I (partly auto-)generated (and carefully reviewed twice) a .txt file with one DROP SERIES statement per line and used it with influx -precision rfc3339 -database 'homeassistant' -username <uname> -password <pwd> < "/share/deletion_list.txt"
. It contains ~ 600 lines and while the CPU keeps calm it actually stresses the disk quite a lot:
While the bulk deletion is running I can watch the progress indirectly by using
SELECT numSeries FROM "_internal"."monitor"."database" WHERE "database"='homeassistant' ORDER BY time DESC LIMIT 1
which gives the `numSeries". And that is reaaaally slowly decreasing. Because of everything you said: hot and cold, takes some time to find and purge. So your post really helped me actually (better) understand how it works under the hood.
That last question while waiting for the bulk deletion to complete might be a little off-topic but of HUGE interest to me (only asking here as you seem to be very skilled):
Are you aware of a ´SELECT´ statement (or any other possibility) to get a list of series (and also measurements) with the “most data” (in terms of records or storage used), starting with the largest set and sorting the list decreasingly?
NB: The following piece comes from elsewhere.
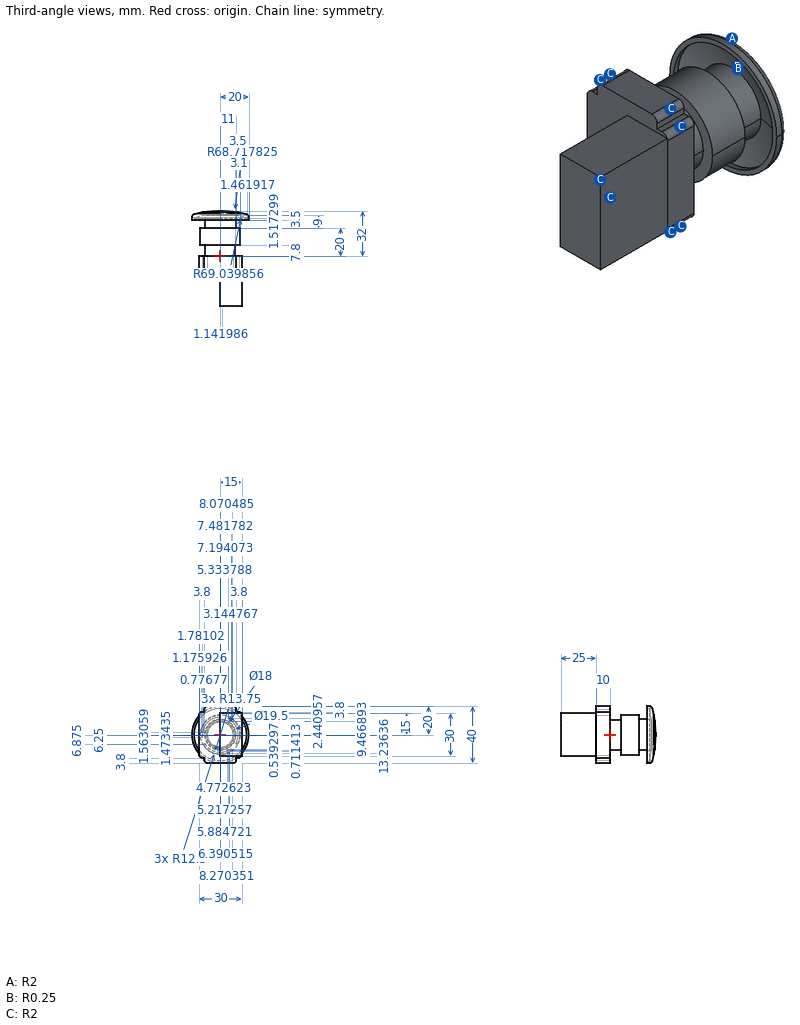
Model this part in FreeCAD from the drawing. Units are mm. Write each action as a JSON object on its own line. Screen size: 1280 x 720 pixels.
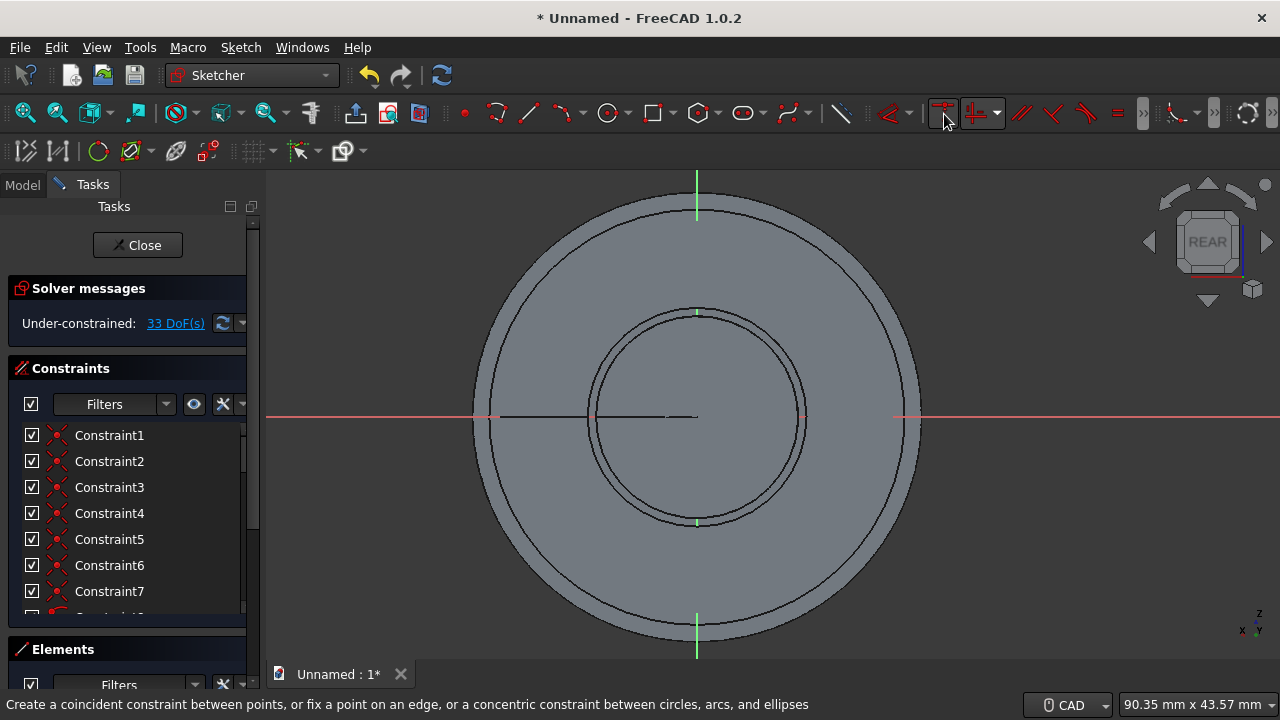
{"action": "left_click_drag", "start_coordinate": [687, 407], "coordinate": [707, 428]}

In a classic SQL I would do this, unfortunately I’m not skilled enough to transfer this syntax to something working for InfluxDB:
SELECT entity_id, COUNT(*) as count FROM states GROUP BY entity_id ORDER BY count DESC LIMIT 100
This way I’d like to identify which series are (actually or very likely, based on the storage data) consuming the most disk space. Actual problem: database grew really REALLY big and I need to sort out things. With that list I could also decide which of those “top scorers” actually need to be stored in the InfluxDB at all.